OPINIóN
Actualizado 17/07/2021
Tomás González Blázquez

He perdido la costumbre de enviar postales a la familia desde las vacaciones, aunque al menos he comprado alguna para que mi hijo pueda empezar a cartearse con sus amigos del colegio este verano. Con seis o siete años a veces ya aprovechan el whatsapp de los padres para algún saludo, pero suerte tienen de conservar ese medio de comunicación más reposado, incluso ceremonioso, aún detenido en los detalles.

Intentaré suplirlo con una estampa desde la orilla del mar, donde los castillos moldeados por las manos duran los siglos que transcurren entre dos pleamares, que ni tiempo tienen los juglares de aprender cantares de gesta para ensalzar las hazañas de los señores y entretener las miserias de los siervos. Castillos sin puente levadizo sobre el foso, sin princesa prisionera de amores, sin tesoro oculto en la cámara secreta.

En la orilla del mar, la rutina y las prisas se detienen y se agachan un rato para excavar, porque no hay mejor lección de humildad que ofrecer el trabajo a los embates de las olas que cada vez se acaban más cerca. Cubo, pala y rastrillo son la trilogía de toda una revolución industrial congelada en el tiempo auténtico de la infancia, congregada y resumida en una orilla del mar por la que tantos sueñan, temen, arriesgan, luchan, respiran... hasta por última vez.

Una orilla del mar que es cementerio y campo de batalla, fiesta y partido, carrera y verbena, banquete y paseo, familia y pandilla, beso y caricia, silencio y bullicio, inmensidad y oración. Una orilla donde la arena se cuela, escurridiza y húmeda, por entre los dedos de los pies, por debajo de las uñas de las manos, en cada pliegue corporal. Una orilla imprecisa, un límite que escapa en cada milésima de segundo al rigor de la cartografía, un lugar hasta el que nadar y donde vivir.

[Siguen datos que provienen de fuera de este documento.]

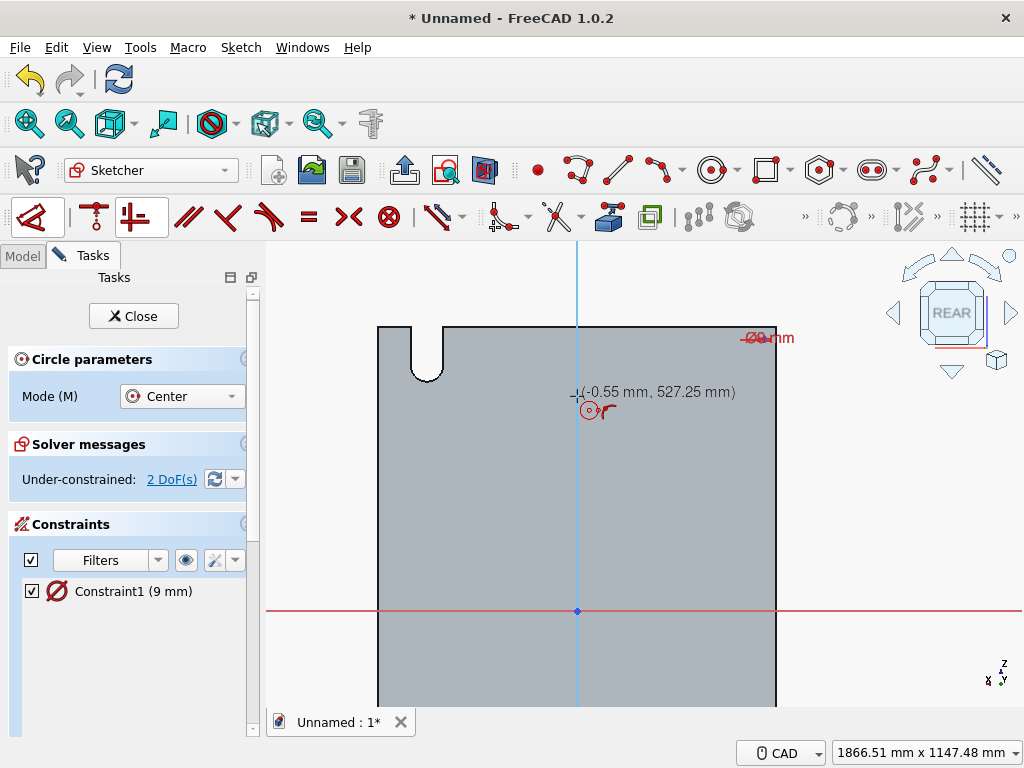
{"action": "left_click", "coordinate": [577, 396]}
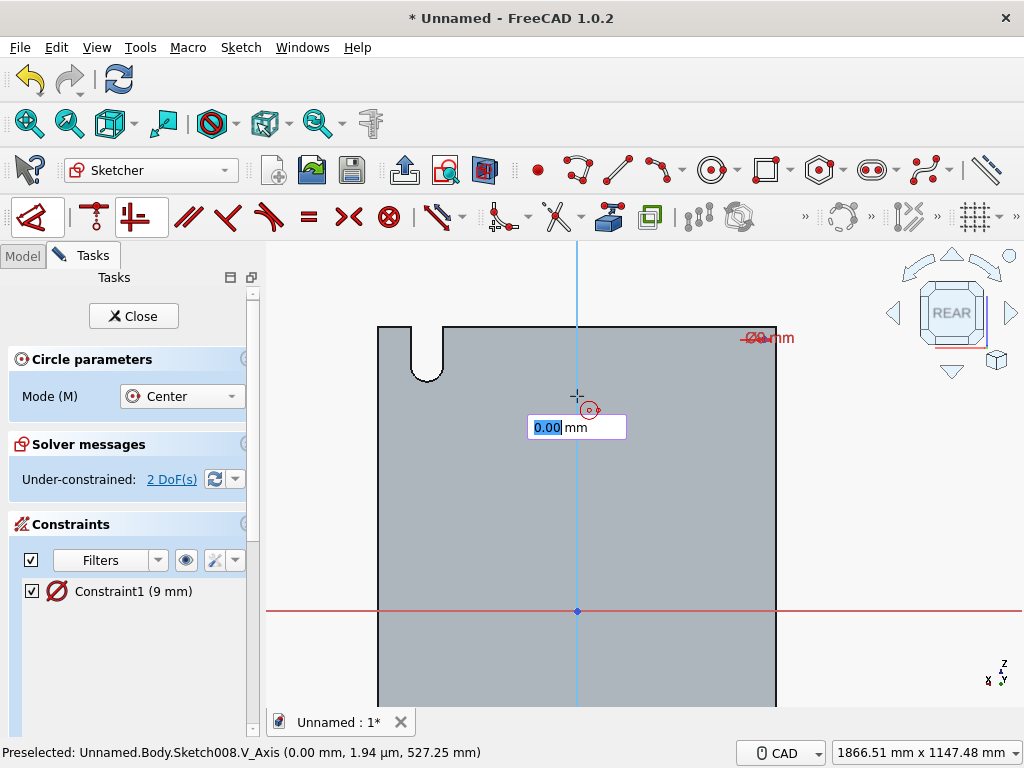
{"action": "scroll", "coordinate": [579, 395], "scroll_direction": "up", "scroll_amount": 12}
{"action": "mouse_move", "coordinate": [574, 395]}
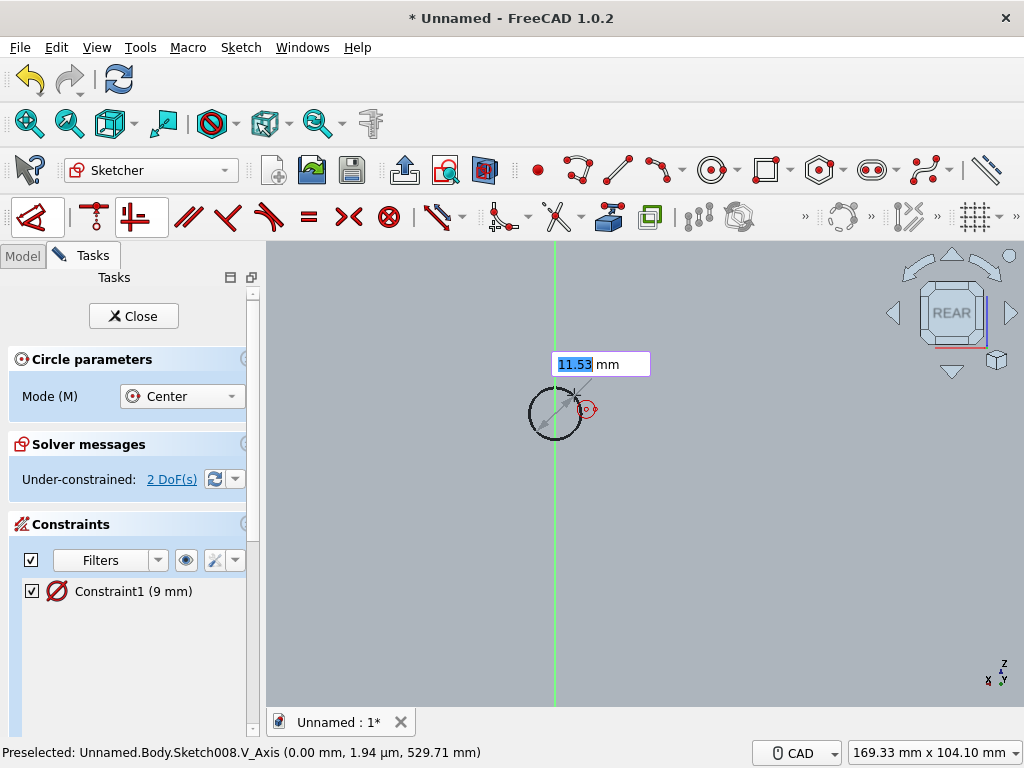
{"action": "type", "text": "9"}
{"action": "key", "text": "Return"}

Vivir aquí, en la orilla del mar, con sus castillos tan de tierra afuera que desafían a esas olas terminando su camino, y en cuyas torres del homenaje ondean las coloridas banderas de un reino que nos invita a dejarnos recrear y que nos reconcilia con nuestro barro original, que nos vuelve niños y es así como se nos abren sus puertas.

Matasellada en la Playa de Canet de Berenguer. Verano 2021.